Acordar, café, manhã
Abrir a porta
Ignição.

- Olá! sentar, horas, passar
Páginas, sim, não,
- Melhor da próxima vez!

TV, sofá, estar, jantar
- Como vai?

Cama, vira,
- Até amanhã.









Ode a vontade

Ode a vontade
(Luiz Henrique Costa)

Que vontade de poder!
Querer que late latente
Potência de poder - à vontade

Quero sorrir a esmo
Esmerar-me em vossos segredos
Segregar o corpo da mente
Mentir pra poder voar

Asas pra cantar bem alto
Altura para cair bem devagar
Divagar atento à Lua
Enluarar-me ao som dos grilos-falantes

Ah! que vontade dessa vontade!
Beber das águas do fundo do mar
Nadar nas poças de nuvens
Levitar nas ondas que chegam aos ouvidos

Fonte do desejo do querer
Coisa-que-quer-por-si-só
Comichão que dá e não passa






Poetinha

Poetinha
(Luiz Henrique Costa)

Poeta escreve sons
Respira mundos
Desconfigura a matéria
Carnavaliza o absurdo

O poeta não entende porque o leêm


Coração Poente

Coração Poente
(Luiz Henrique Costa)

Coração entope
Quando há limo nas palavras-fechaduras
Coração abre
Quando escrevo sem pontuação
Coração não atura
A mania de esconde-esconde
Perplexo, se põe
E nasce no lado oposto
Ao Sol.

quarta-feira, 30 de maio de 2012

Humanóide

Humanóide
(Luiz Henrique Costa)

Era tão bom quando era humano
Era tão difícil quando era humano
Tão fêmea, tão macho - quando era humano

Era tão diferente de tudo que existia
Era tão mutável, quando era humano
Havia sabores, cores e sentidos
Quando éramos humanos

Agora tudo engrenou
Agora tudo engraxou
Agora tudo engavetou
Tudo embotou

Agora o ser é semi-humano
Semi-cor, semitons,
Um ser sem si em semi-metafisica


terça-feira, 14 de fevereiro de 2012

Procura-se sonhos perdidos

Eu tinha sonhos
De verão e primaveras
Eu tinha um mundo
Que criei
Havia invernos e outonos
Havia riquezas não-palpáveis
Realidade incomensurável
Meus mitos, meus monstros
Minha terra não-natal
Porém minha; e sua.
Havia você.
Havia.

terça-feira, 10 de maio de 2011

#daqui pra frente

Às vezes acho esses lances aqui muito esquisitos.
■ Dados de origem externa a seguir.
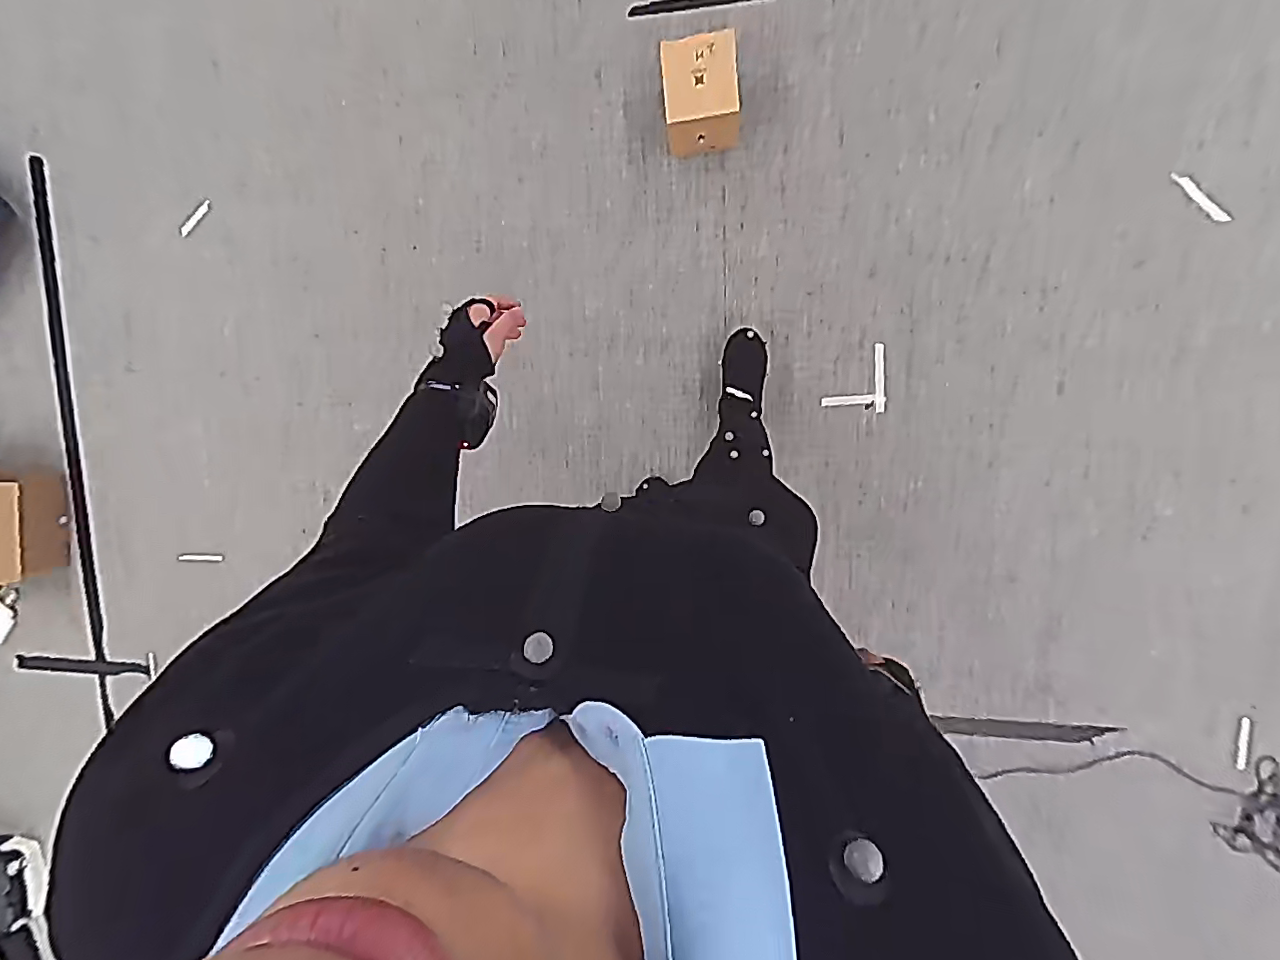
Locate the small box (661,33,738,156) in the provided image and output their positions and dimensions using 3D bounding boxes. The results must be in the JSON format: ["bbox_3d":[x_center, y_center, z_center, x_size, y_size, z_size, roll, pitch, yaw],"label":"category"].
[{"bbox_3d":[0.143,-0.895,1.278,0.168,0.176,0.179,-4,95,8],"label":"small box"}]
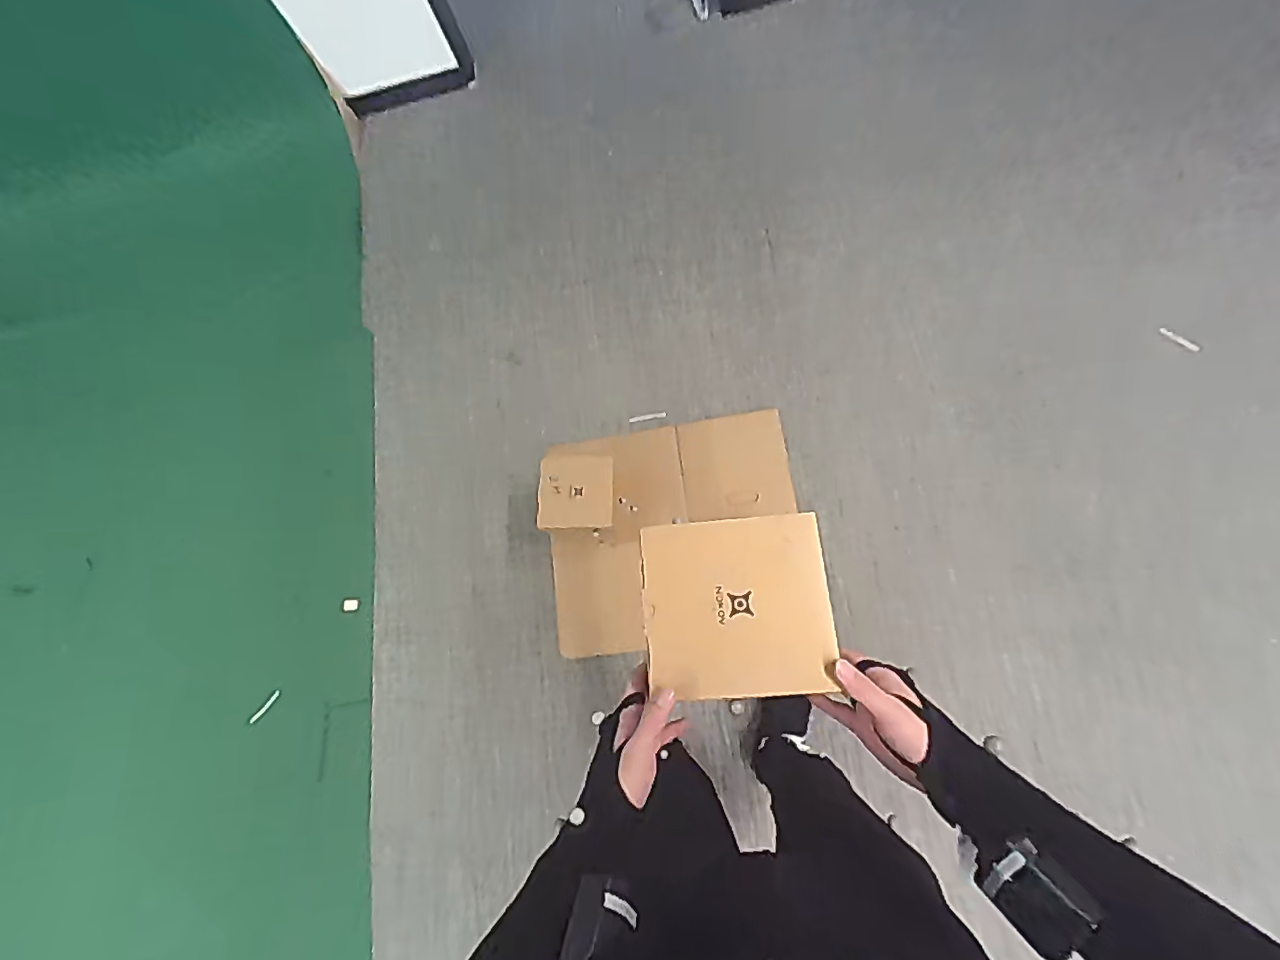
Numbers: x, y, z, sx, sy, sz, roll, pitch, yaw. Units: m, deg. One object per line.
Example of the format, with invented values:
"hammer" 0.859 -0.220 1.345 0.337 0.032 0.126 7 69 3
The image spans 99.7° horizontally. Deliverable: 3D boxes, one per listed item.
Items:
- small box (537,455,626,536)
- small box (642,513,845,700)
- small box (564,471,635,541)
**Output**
"small box" -0.132 0.041 1.292 0.179 0.176 0.168 -1 76 9
"small box" 0.102 0.138 0.586 0.179 0.176 0.168 -6 73 6
"small box" -0.110 0.073 1.454 0.179 0.176 0.168 -1 76 9
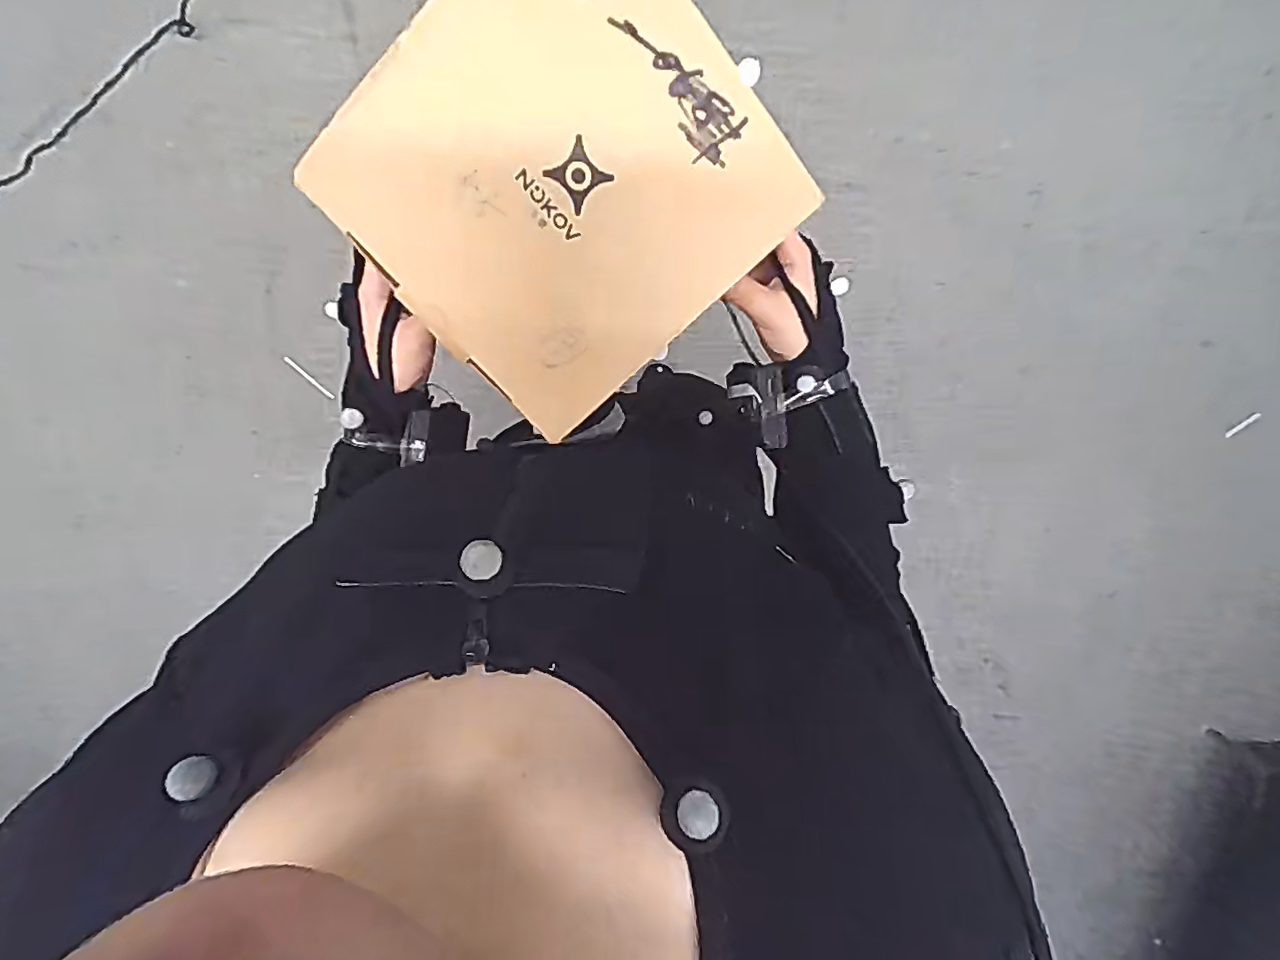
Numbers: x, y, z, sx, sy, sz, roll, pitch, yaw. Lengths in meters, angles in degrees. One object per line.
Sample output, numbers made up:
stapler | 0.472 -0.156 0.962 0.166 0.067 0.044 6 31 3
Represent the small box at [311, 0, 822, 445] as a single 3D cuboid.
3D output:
small box | -0.032 -0.152 0.318 0.179 0.176 0.168 -39 106 12

Tudo bem... A proposta é ser estranho.

Há um fundo político nisso tudo.

Mas me incomoda.

Porém, não consigo "migrar" para outro blog, outro título, outra marca, outro pseudônimo.

Me identifico com esse.

Queria um sentido aqui.

Um trabalho de comunicação.

Vou trabalhar nisso.

Juro.

Maio

Maio
(Luiz Henrique Costa)

Maio.
Alegria!
É Maio!

Mãe,
É Maio!

Mãos à obra,
Muitas ações.

Mãe,
É Maio!



Punge

Punge
(Luiz Henrique Costa)

Ainda está dentro, e vive por dentro
Ainda punge, pulsa, pensa
Repulsa, repensa e recria
Tudo ele recria
O que está lá começou aqui
O que cerca, cerca o que precisa ser cercado.

O que é
Precisa ser,
Senão
Não é nada.

Aqui passou um vento forte
Levou tudo
Levou o que era leve
E derramou o que era pesado

O que é
Precisa ser,
Senão
Não é nada.

#De volta

Sempre quando clico em "nova postagem" me dá um branco. Mas vou tentar escrever de qualquer maneira, pois isso aqui tem me feito falta.
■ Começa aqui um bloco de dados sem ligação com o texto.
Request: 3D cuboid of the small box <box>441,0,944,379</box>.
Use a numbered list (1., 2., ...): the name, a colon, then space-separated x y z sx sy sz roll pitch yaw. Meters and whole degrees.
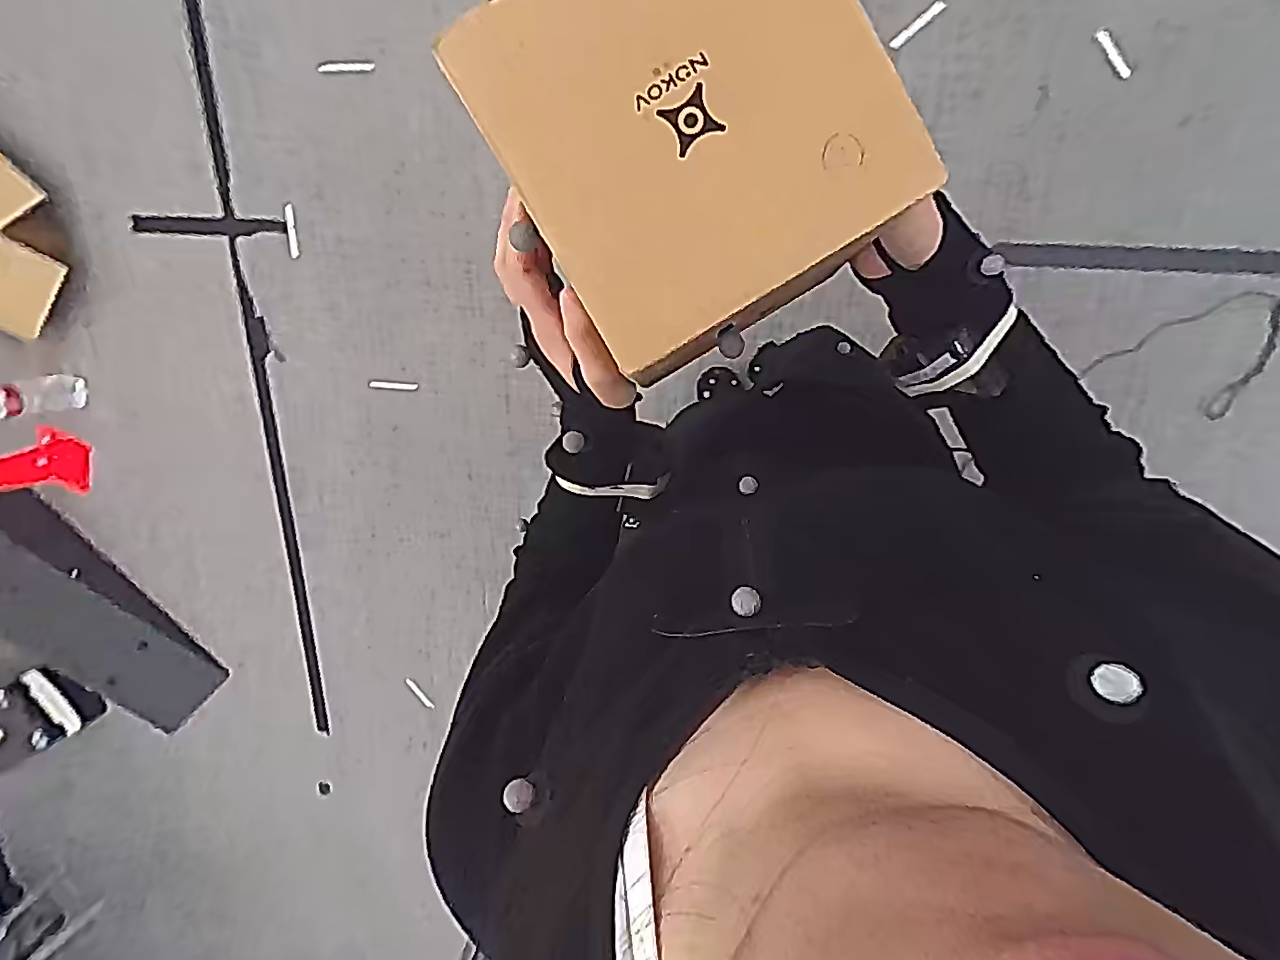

Poesia? Sei lá... Não sei se vai funcionar. O que é poesia feita para ser lida na internet? Ainda é poesia? Eu não leio muito livros de poesia... Eu posso ser poeta? Mas gosto de letras de música e livros de sociologia, serve?
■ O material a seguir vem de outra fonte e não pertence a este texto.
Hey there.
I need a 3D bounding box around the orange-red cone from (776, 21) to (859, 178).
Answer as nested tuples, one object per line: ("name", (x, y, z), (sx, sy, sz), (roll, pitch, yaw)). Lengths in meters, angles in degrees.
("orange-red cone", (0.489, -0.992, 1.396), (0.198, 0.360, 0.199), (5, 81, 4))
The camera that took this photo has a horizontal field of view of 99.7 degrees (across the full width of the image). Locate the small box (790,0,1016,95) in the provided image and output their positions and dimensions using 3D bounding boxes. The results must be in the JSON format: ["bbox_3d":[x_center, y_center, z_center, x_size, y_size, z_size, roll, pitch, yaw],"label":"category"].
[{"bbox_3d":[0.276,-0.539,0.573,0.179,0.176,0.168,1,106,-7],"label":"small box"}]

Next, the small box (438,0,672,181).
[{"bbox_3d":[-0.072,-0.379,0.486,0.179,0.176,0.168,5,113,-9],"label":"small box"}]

Alguém ainda se interessa por poesia? Alguém sabe criticar uma poesia? O colégio ensina isso? Eu faço poesia contemporânea? Poesia é para todos? Tenho influências concretas? neo-concretas?... Poeta naif? Poderia eu criar esse movimento?

São tantas questões que não sei o que vai ser, o que vai rolar. Mas vou escrever, pois eu mesmo disse que se calar dói. E tá doendo.